清水博子さん、『ぐずべり』

 私の中にいる概念としての少女は、この世の何物ともむすぼれ合っていない存在である。いつから思い定めたものか。 
 学校とも社会とも友達とも…何物とも、結ぼれ合わない少女は、権高と無邪気、驕慢と内気のはざまで、いつも心許なく宙ぶらりんだ。その危い風情抜きでは、少女を語れない…。そんなことをつらつら考えながら。

 『ぐずべり』、清水博子を読みました。
 

 「亜寒帯」と「ぐずべり」の2篇が収められている。
 「亜熱帯」で描かれる少女藍田は、中学1年生である。随分と寒い地域に住んでいるらしく、彼女の日直当番の1日は、石炭確保の責任と義務がずしりと覆いかぶさってくるようで、読んでいるだけで息苦しくなったほど。それなのに、肝心の本人はそれらを、うわの空の独特な淡さで坦々と受け流している。どこか変わった女の子である。
 自分がそんな年頃だった日々を思い起こせば、教室にいる時間とは、女の子同士の付き合いに戦々恐々としつつ、微妙な距離を保って綱渡りのように己を守らなければならなかった…という苦い記憶ばかりだ。その点、藍田にはあまり…というか全く、そんな心労は見受けられない。にも関わらず、元少女の端くれとしてとちゃんと彼女にシンパシーを抱けることを、とても面白く感じた。  
 周囲への奇妙な無頓着さ、とりとめもない考えごとに耽る癖、上手く物事を繋ぎ合わせられないまま、所在なくただそこにいるみたいなアンバランスさ…。身に覚えがないとは言えない。

 次の「ぐずべり」には、大人になった藍田がAAとして出てくる。
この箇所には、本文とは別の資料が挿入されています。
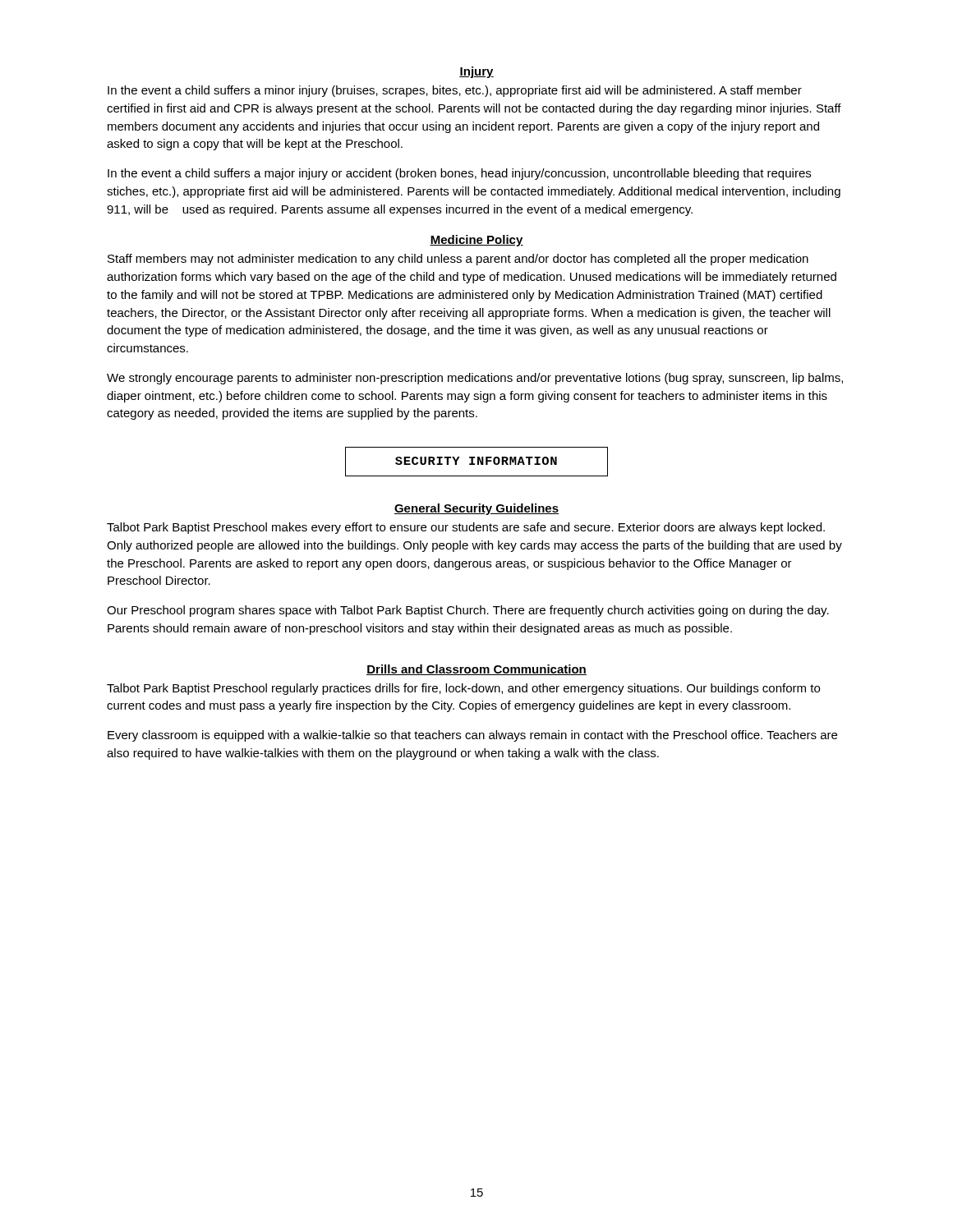Select the element starting "Talbot Park Baptist Preschool makes every effort"
This screenshot has width=953, height=1232.
[474, 554]
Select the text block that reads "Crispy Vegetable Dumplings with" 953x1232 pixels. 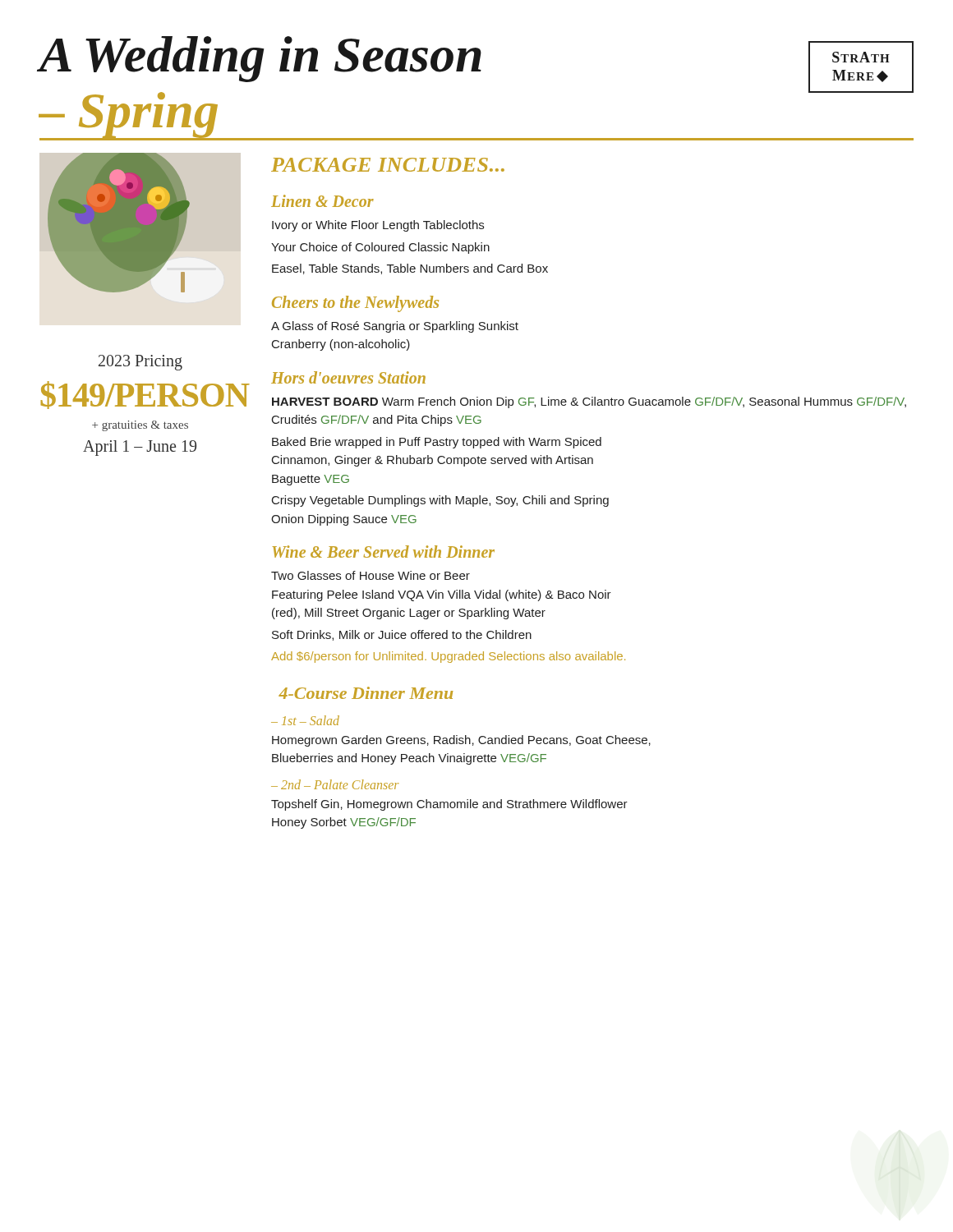[592, 510]

そして、結局エキセントリックなまま大人になったAAのことを見つめるのが、中学生の姪の理子である。 
 その理子が、自分の母親・菜子のことについて、“もしもいまおかあさんが同級生だったとしてもぜったいにともだちになってない” “亜子ちゃんがおかあさんだったらよかったのに” …などと父親に文句を言った件では、ただただ苦笑いがこぼれた。それを聞いた菜子が、その言葉を左程深刻には受け取っていないようだったので、胸を撫で下ろしたけれど。母親は常に、娘の批判の矢面に立たされているものでしょうね…。一番身近な同性でもあるし、ううむ。
 これまた掴みどころのない作品で、面白かった。藍田が昔書いた読書感想文のタイトルが、「理解できない『金閣寺』」とか、思わずにやにや笑ってしまった。ふっと不意打ちでお下品になるのも、清水さんらしい。